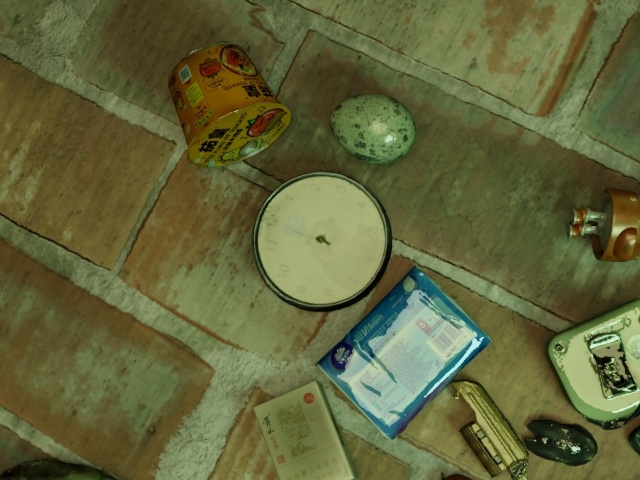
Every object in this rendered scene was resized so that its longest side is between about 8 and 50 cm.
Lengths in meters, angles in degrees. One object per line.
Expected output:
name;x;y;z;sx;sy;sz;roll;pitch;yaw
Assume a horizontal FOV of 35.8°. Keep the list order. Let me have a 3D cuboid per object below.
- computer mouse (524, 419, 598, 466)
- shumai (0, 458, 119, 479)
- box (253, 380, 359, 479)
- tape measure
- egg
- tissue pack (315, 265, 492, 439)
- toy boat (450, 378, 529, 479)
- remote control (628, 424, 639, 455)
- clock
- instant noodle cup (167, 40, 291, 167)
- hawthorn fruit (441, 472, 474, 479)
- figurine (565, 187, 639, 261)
computer mouse;0.445;0.374;1.831;0.135;0.047;0.079;14;86;11
shumai;-0.510;0.596;1.798;0.395;0.348;0.395;0;88;5
box;-0.028;0.384;1.875;0.141;0.058;0.201;-26;73;5
tape measure;0.547;0.221;1.798;0.235;0.115;0.207;-25;79;5
egg;0.099;-0.216;1.894;0.172;0.132;0.132;21;88;21
tissue pack;0.158;0.206;1.836;0.263;0.146;0.198;-46;79;3
toy boat;0.310;0.356;1.841;0.088;0.068;0.226;-37;81;9
remote control;0.663;0.317;1.803;0.222;0.042;0.072;-36;66;4
clock;0.000;0.000;1.926;0.281;0.055;0.280;-1;85;7
instant noodle cup;-0.187;-0.266;1.910;0.216;0.216;0.172;-28;72;5
hawthorn fruit;0.256;0.472;1.838;0.093;0.081;0.081;31;89;39
figurine;0.588;-0.026;1.817;0.271;0.143;0.143;-5;83;-13
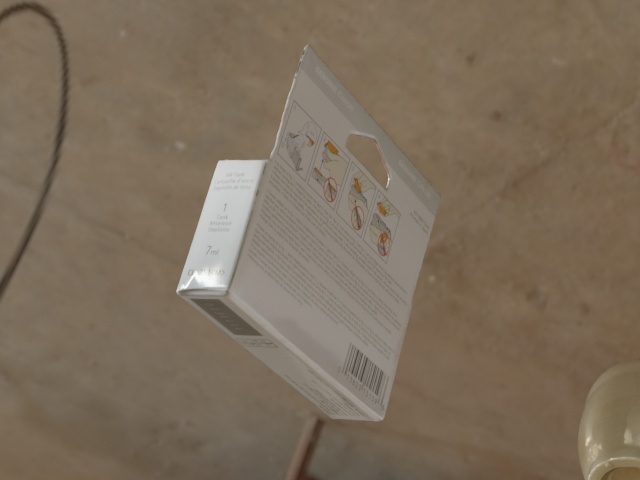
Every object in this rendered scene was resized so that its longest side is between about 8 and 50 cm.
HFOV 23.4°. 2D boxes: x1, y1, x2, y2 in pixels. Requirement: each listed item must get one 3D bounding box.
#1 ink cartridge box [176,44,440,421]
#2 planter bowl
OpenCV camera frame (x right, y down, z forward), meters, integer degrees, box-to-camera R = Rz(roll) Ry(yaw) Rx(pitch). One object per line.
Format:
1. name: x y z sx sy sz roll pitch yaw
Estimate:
1. ink cartridge box: 0.000 0.000 1.370 0.060 0.239 0.275 -1 152 33
2. planter bowl: 0.304 0.203 1.412 0.162 0.109 0.162 16 128 21
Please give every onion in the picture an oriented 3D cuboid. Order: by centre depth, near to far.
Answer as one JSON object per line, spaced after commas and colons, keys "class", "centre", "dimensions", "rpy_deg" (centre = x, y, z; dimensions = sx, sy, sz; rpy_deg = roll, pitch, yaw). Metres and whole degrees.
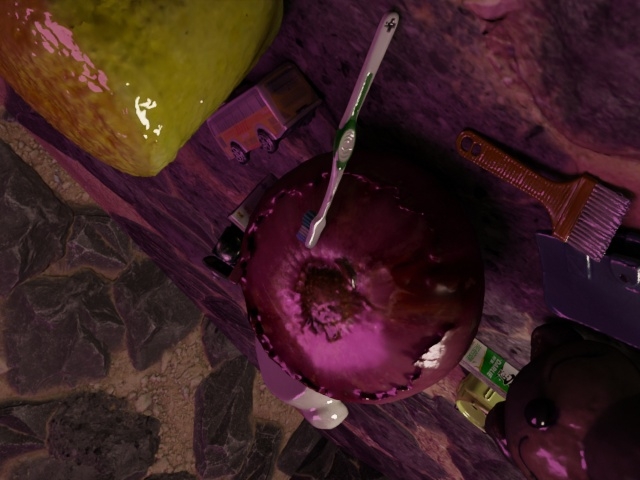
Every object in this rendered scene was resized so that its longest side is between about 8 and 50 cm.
{"class": "onion", "centre": [0.058, 0.039, 1.057], "dimensions": [0.358, 0.358, 0.345], "rpy_deg": [45, -157, -14]}

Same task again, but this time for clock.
{"class": "clock", "centre": [0.354, 0.352, 1.529], "dimensions": [0.170, 0.069, 0.232], "rpy_deg": [37, 161, 8]}

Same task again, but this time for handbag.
{"class": "handbag", "centre": [0.365, 0.056, 0.853], "dimensions": [0.229, 0.062, 0.179], "rpy_deg": [24, 155, 38]}

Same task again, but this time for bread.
{"class": "bread", "centre": [-0.240, -0.280, 0.867], "dimensions": [0.348, 0.308, 0.348], "rpy_deg": [33, 159, 14]}

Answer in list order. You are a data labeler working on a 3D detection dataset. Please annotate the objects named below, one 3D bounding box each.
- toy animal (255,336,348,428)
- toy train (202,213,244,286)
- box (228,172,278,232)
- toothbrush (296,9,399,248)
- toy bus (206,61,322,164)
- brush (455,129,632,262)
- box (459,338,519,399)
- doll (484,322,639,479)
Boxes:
{"class": "toy animal", "centre": [0.054, 0.228, 1.465], "dimensions": [0.196, 0.367, 0.241], "rpy_deg": [-24, 78, 38]}
{"class": "toy train", "centre": [-0.106, 0.052, 1.542], "dimensions": [0.221, 0.150, 0.304], "rpy_deg": [32, -177, 14]}
{"class": "box", "centre": [-0.121, -0.071, 1.411], "dimensions": [0.050, 0.117, 0.036], "rpy_deg": [45, 163, -7]}
{"class": "toothbrush", "centre": [0.032, -0.121, 0.860], "dimensions": [0.030, 0.030, 0.304], "rpy_deg": [33, 119, 21]}
{"class": "toy bus", "centre": [-0.096, -0.193, 1.140], "dimensions": [0.106, 0.092, 0.268], "rpy_deg": [55, 158, -14]}
{"class": "brush", "centre": [0.242, -0.065, 0.840], "dimensions": [0.218, 0.010, 0.082], "rpy_deg": [37, 123, 28]}
{"class": "box", "centre": [0.295, 0.223, 1.384], "dimensions": [0.207, 0.050, 0.041], "rpy_deg": [38, 164, 8]}
{"class": "doll", "centre": [0.420, 0.296, 1.008], "dimensions": [0.378, 0.252, 0.382], "rpy_deg": [43, 175, -29]}
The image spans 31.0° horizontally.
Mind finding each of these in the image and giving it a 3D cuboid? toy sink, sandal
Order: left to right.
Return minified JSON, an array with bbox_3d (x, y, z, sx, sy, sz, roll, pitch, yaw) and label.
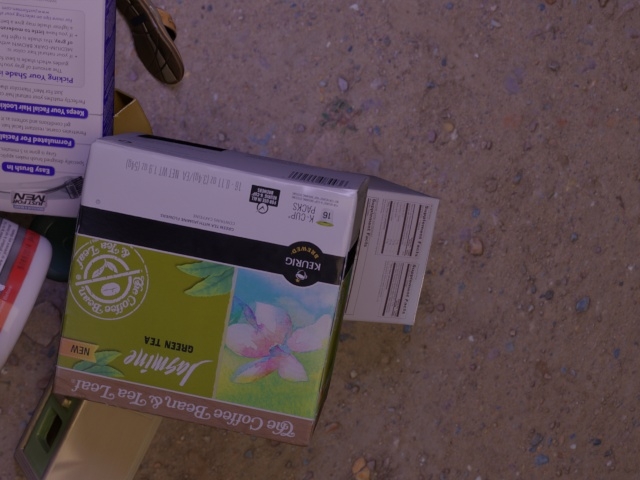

_ _ _

Brief: Your reply should consist solely of the lines from the one containing "The image spans 31.0° horizontally." through the last line of the material, reproduced exactly and without pictures.

Response to this exercise:
The image spans 31.0° horizontally.
Mind finding each of these in the image and giving it a 3D cuboid? toy sink, sandal
Order: left to right.
Return minified JSON, an array with bbox_3d (x, y, z, sx, sy, sz, roll, pitch, yaw) and label.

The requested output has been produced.